Because Ethiopia had no sophisticated labs, the Ethiopian government agreed to let Johanson borrow the fossils. To get her to the United States, he wrapped Lucy in toilet paper, packed her in a yellow, foam-lined suitcase, and carried her aboard a plane. Studying Lucy took some years. But finally,  Johanson and his colleagues reached the conclusion that the species had walked upright and had a brain no bigger than a grapefruit. Its estimated size ranged from 3 feet to 5 feet tall and about 60 pounds to 100 pounds. The resulting 1979 paper in the journal Science challenged prevailing evidence that walking upright evolved along with an enlarged brain.

The paper drew harsh criticism from other scientists, including famous paleoanthropologists Mary Leakey, and her son Richard Leakey, who accused Johanson of being hasty in his conclusions.


In 1980, Johanson returned Lucy to the Ethiopian government as part of his agreement. He since has seen Lucy many times.

 

 

 

Museums as (Semi-)Sacred Sites

Museums differ across time and space. Major or national museums, however, are among scared, venerated, or revered sites of modern societies. This sacredness is not confined to just religious sites that become “reluctant museums” by becoming part of the national heritage museum. Such sacredness is also not just because of the dominant discourse on museum visits in the “Western museum culture” as a quasi-religious, even transcendent, aesthetic encounter with objects of art and architecture.

Museums came with modernity, and represent much that is associated with modernity, like modern forms of scientific knowledge, and modern forms of communal belonging, such as nationalism.  Museums are sites of collected sacred objects and sacred knowledge, including knowledge of the past (particularly the “nation’s past”), displayed for, and represented to the public.

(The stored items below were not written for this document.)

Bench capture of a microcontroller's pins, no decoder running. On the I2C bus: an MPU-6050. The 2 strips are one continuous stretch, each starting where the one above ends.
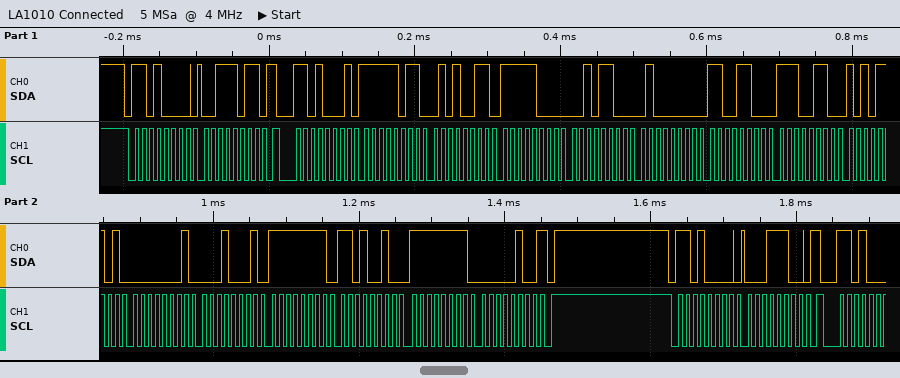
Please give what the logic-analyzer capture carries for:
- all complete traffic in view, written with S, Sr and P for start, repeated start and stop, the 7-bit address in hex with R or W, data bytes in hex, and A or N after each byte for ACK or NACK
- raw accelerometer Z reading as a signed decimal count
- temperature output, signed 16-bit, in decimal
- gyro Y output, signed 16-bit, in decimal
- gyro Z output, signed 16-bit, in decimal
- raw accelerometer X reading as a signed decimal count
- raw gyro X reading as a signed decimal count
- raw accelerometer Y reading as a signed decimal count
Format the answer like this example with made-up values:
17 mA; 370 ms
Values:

Museums are sacred sites because they are places of strategic rhetorical activity. They shape collective values and social understandings in powerful ways.  There are normative and ethical dimensions behind the design of museum displays.


Museums and Heterotopia 
Foucault’s Museum: Difference, Representation, and Genealogy

“Foucault’s work has been used to promote a negative view of the museum as an Enlightenment institution that embodies state power and strives to order the world according to universal rules and the concept of a total history. 

This article argues that an analysis of Foucault’s work actually leads to a view of the museum that is positive and progressive for dismantling the very notions of historical continuity and coherence that Foucault rejects. This gives the museum a unique status for Foucault, as an institution that has its origins in the Enlightenment values or ‘capabilities’ that enable us to overcome the relations of power that are based on those Enlightenment values. The museum exemplifies the tension in Foucault’s position on the Enlightenment: that we must rely on Enlightenment values of critique, freedom, and progress in order to reject the Enlightenment relations of power that have been based on these values. The first part of the paper suggests a Foucaultian definition of the museum as a space of difference and space of representation. The second part argues that on the basis of this definition, the museum has the potential to enact Foucault’s genealogy, and to contribute to progress.” Beth Lord

I will discuss the critical role played by the museum in the Dmanisi case later.

 

 

Lucy and the Museum

Lucy’s bodily remains are preserved at the National Museum of Ethiopia in Addis Ababa. A plaster replica is displayed instead of the original skeleton for the public. Lucy is both a national and an international celebrity. As a sacred paleoanthropological persona, she is much more than her species name, Australopithecus afarensis, or her discovery tag, AL 288-1. In the US, Lucy’s reconstructions are displayed in some major museums. These include a cast of the original skeleton at the Cleveland Museum of Natural History,  a diorama of Lucy at the Hall of Human Biology and Evolution at the American Museum of Natural History in New York City,  and a reconstruction of Lucy at The Field Museum in Chicago in their Evolving Planet exhibition.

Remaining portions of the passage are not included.